I(+1) transfer from diiodomalonic acid to malonic acid and a complete inhibition of the CO and CO2 evolution in the Briggs-Rauscher reaction by resorcinol

A recent report on an intense CO 2 and CO evolution in the Briggs-Rauscher (BR) reaction revealed that iodination of malonic acid (MA) is not the only important organic reaction in the classical BR oscillator. To disclose the source of the gas evolution, iodomalonic (IMA) and diiodomalonic (I2MA) acids were prepared by iodinating MA with nascent iodine in a semibatch reactor. The nascent iodine was generated by an iodide inflow into the reactor, which contained a mixture of MA and acidic iodate. Some CO2 and a minor CO production was observed during these iodinations.

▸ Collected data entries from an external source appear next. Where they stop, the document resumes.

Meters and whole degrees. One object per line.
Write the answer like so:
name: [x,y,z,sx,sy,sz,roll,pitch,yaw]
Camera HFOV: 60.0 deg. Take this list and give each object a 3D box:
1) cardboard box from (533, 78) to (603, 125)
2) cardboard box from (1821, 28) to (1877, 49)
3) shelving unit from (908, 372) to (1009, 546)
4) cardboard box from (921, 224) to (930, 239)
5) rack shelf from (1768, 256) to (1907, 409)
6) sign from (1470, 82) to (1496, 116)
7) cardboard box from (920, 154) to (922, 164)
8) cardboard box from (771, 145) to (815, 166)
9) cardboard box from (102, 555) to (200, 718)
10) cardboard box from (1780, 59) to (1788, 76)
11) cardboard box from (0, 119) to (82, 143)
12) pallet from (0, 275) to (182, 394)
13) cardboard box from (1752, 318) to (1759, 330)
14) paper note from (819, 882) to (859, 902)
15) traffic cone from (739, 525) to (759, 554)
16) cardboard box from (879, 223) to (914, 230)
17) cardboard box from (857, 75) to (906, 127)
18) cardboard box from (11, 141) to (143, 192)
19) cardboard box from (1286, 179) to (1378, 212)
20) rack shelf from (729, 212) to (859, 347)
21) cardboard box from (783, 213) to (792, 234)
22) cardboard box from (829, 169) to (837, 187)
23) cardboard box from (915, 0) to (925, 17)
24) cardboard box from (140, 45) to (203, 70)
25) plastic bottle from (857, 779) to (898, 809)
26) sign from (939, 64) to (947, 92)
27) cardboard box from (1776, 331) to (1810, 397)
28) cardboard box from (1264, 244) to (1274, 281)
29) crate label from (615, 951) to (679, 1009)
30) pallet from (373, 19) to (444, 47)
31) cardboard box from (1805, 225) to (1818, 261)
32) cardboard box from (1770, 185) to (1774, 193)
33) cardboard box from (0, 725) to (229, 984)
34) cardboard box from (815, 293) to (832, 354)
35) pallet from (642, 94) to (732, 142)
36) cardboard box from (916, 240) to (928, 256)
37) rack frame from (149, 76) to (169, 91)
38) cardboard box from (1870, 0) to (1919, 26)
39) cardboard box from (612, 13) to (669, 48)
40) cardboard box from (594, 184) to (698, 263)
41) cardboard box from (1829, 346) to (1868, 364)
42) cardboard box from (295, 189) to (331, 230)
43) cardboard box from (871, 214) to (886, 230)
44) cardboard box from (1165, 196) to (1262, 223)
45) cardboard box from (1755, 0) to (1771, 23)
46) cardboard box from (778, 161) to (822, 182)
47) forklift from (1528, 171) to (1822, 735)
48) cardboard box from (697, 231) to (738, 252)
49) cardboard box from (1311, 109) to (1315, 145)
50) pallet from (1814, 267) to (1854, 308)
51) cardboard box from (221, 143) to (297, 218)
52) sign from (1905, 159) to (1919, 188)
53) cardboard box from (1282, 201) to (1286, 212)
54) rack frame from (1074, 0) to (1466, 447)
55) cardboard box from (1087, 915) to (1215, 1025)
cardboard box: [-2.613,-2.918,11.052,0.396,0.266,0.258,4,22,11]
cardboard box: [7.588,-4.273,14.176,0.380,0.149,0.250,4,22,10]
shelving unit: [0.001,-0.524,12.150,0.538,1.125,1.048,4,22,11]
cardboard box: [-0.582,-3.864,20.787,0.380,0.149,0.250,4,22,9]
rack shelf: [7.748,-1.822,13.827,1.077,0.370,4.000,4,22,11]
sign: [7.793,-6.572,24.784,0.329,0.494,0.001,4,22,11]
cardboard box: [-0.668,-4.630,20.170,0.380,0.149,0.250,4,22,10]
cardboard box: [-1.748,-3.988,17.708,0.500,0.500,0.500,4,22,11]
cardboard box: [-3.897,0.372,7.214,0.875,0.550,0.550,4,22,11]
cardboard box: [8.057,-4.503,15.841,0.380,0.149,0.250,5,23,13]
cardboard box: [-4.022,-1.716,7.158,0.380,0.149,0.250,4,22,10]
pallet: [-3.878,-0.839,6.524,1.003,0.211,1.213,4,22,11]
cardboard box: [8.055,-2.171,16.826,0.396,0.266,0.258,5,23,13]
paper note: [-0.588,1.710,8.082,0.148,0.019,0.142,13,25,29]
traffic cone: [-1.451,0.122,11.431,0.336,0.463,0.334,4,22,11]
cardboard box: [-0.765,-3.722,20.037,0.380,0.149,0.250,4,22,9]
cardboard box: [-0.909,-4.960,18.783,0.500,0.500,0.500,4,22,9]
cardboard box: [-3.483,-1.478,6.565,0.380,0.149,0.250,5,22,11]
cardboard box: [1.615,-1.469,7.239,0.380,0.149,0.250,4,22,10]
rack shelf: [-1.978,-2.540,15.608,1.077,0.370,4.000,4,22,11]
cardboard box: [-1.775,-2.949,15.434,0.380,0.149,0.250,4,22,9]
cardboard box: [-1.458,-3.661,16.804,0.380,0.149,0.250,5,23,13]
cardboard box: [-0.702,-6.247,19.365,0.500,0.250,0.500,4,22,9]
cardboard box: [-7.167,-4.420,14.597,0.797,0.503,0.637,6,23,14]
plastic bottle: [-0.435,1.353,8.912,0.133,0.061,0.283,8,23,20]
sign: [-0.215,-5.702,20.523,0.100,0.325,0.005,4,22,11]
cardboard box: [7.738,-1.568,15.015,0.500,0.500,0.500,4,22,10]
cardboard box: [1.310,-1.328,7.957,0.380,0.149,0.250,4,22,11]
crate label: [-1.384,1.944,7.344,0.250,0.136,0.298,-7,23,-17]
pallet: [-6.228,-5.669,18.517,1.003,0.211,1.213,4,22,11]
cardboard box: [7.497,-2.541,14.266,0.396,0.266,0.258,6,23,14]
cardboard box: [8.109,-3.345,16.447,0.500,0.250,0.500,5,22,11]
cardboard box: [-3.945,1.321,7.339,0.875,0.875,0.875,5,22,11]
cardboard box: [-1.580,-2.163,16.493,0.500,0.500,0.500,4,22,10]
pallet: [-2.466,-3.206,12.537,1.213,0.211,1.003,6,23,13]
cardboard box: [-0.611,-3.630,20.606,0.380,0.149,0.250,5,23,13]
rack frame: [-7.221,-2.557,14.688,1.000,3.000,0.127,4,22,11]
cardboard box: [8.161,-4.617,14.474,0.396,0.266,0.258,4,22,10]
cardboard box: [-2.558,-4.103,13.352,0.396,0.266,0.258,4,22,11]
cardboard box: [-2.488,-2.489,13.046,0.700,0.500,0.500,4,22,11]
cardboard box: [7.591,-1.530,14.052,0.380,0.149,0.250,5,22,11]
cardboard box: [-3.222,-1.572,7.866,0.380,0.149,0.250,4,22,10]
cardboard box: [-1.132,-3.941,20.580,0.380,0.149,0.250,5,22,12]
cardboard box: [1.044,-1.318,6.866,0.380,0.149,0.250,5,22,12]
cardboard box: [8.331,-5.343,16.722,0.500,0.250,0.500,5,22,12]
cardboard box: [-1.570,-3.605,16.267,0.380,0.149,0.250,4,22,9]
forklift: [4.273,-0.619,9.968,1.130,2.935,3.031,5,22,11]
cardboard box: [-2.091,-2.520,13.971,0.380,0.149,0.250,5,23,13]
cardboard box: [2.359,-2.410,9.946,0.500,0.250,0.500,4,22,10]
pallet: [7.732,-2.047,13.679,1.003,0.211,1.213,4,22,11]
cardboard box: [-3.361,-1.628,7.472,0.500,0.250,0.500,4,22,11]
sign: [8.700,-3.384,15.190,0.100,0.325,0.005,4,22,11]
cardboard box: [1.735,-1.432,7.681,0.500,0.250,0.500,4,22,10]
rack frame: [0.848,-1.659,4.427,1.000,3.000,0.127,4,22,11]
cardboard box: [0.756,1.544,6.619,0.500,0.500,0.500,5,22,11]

It was found that in an aqueous acidic medium the produced I2MA is not stable but decomposes slowly to diiodoacetic acid and CO2. The first-order rate constant of the I 2MA decarboxylation at 20 degrees C was found to be k1 = 9 x 10(-5) s(-1), which is rather close to the rate constant of the analogous decarboxylation of dibromomalonic acid under similar conditions (7 x 10(-5)s(-1)). From the rate of the CO2 evolution, the I2MA concentration can be calculated in a MA-IMA-I2MA mixture as only I2MA decarboxylates spontaneously but MA and IMA are stable. Following CO2 evolution rates, it was proven that I2MA can react with MA in the reversible reaction I2MA + MA <--> 2 IMA. The equilibrium constant of this reaction was calculated as K = 380 together with the rate constants of the forward k 2 = 6.2 x 10 (-2) M (-1)s(-1) and backward k-2 = 1.6 x 10(-4) M(-1)s(-1) reactions. The probable mechanism of the reaction is I(+1) transfer from I2MA to MA. The presence of I(+1) in a I2MA solution is demonstrated by its reduction with ascorbic acid. To estimate the fraction of CO2 coming from the decarboxylation of I2MA in an oscillatory BR reaction, the oscillations were inhibited by resorcinol. Unexpectedly, all CO2 and CO evolution was interrupted for more than one hour after injecting a small amount of resorcinol (10(-5) M initial concentration in the reactor). Finally, some implications of the newly found I(+1) transfer reactions and the surprisingly effective inhibition by resorcinol regarding the mechanism of the oscillatory BR reaction are discussed. The latter is explained by the ability of resorcinol to scavenge free radicals including iodine atoms without producing iodide ions.